La vendita di materiali non ha niente a che vedere con l’INVALSI, quanto invece piuttosto con le case editrici che producono e vendono libretti di preparazione che l’INVALSI ha dichiarato non servire.
Il livello qualitativi, per quel che ho avuto modo di vedere, sono spesso più bassi di quelli INVALSI.
In ogni caso, quel che dice dei coreani sembra confermare l’approccio invalsi, piuttosto che smontarlo.
Se effettivamente (è quel che dice lei) gli studenti coreani son più bravi e ciò risulta dai test, allora i test erano corretti.
[…] I test INVALSI poggiano su una solida base scientifica? In questo articolo, Enrico Rogora descrive e spiega i limiti del modello di Rasch, il quale, scientificamene parlando, costituisce la pietra … […]

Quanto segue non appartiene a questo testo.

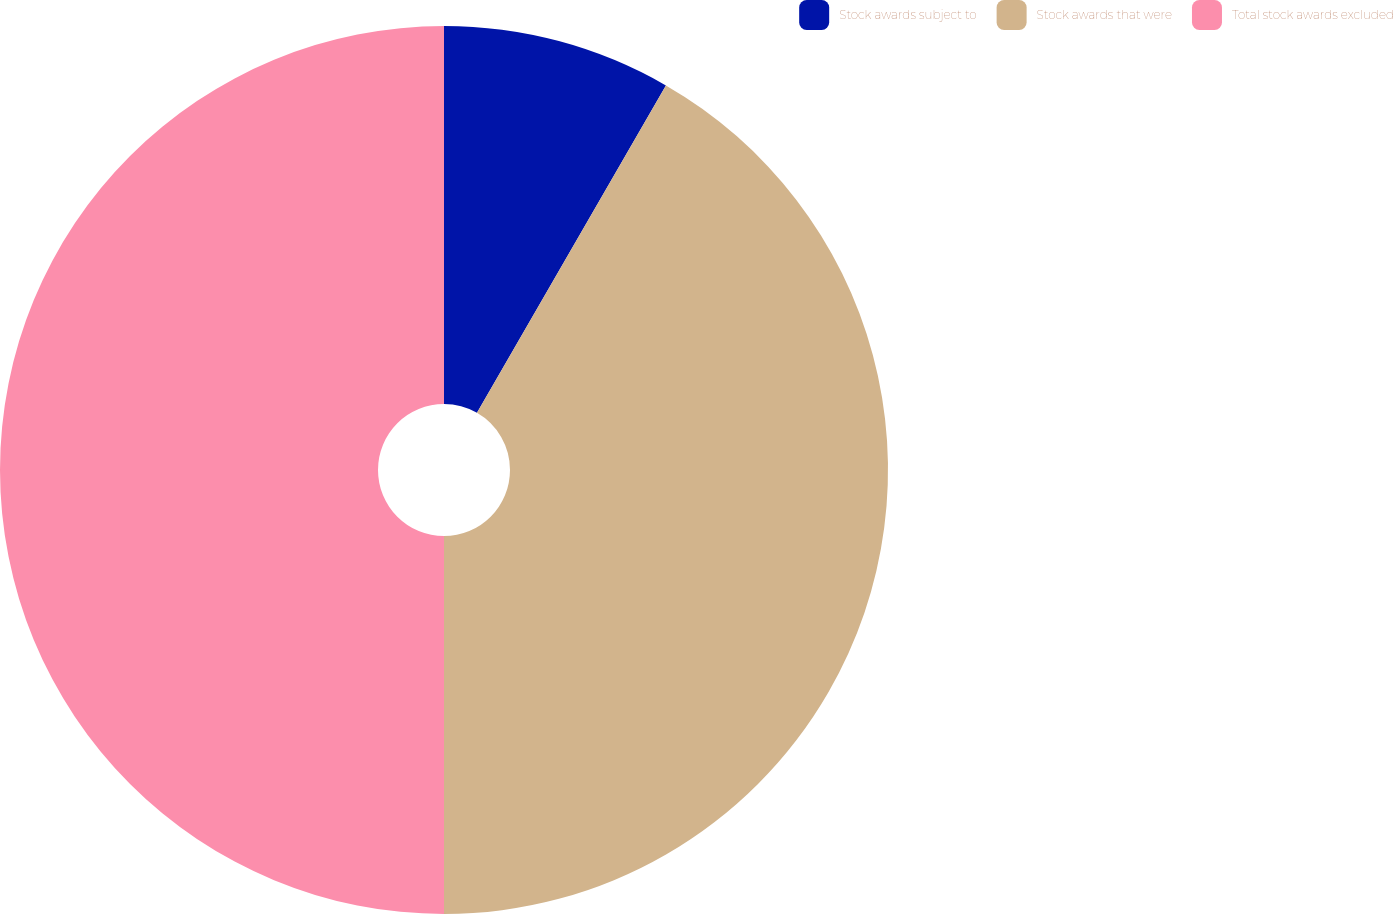Convert chart to OTSL. <chart><loc_0><loc_0><loc_500><loc_500><pie_chart><fcel>Stock awards subject to<fcel>Stock awards that were<fcel>Total stock awards excluded<nl><fcel>8.33%<fcel>41.67%<fcel>50.0%<nl></chart> 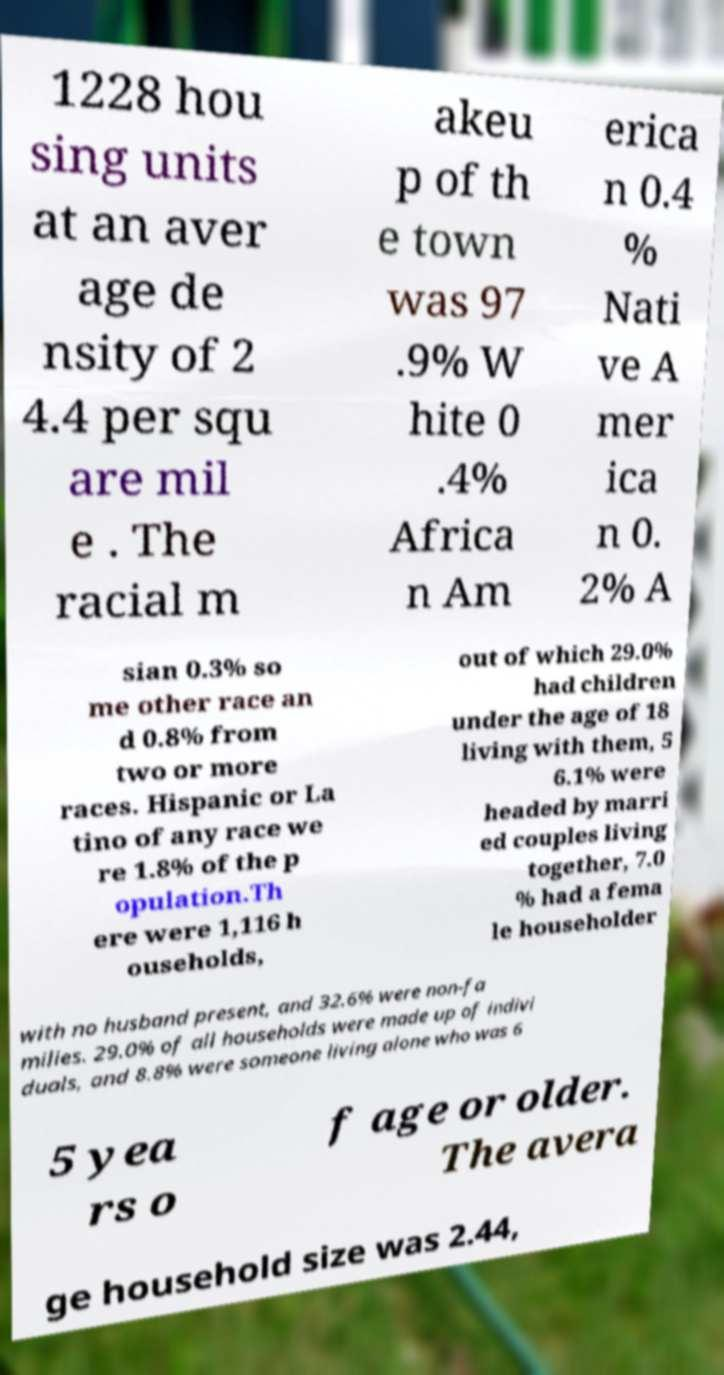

[…] Il Prof. Enrico Rogara (Matematico Univ. La Sapienza, Roma), afferma “Il protocollo utilizzato dell’INVALSI per costruire un test definisce la variabile che si intende misurare. In altre parole, questa è la necessaria conseguenza del modello di Rasch, l’abilità matematica testata dall’INVALSI è l’abilità di risolvere i test INVALSI”. (In ROARS “I test invalsi sono scientificamente solidi?” https://www.roars.it/il-modello-di-rasch/ […]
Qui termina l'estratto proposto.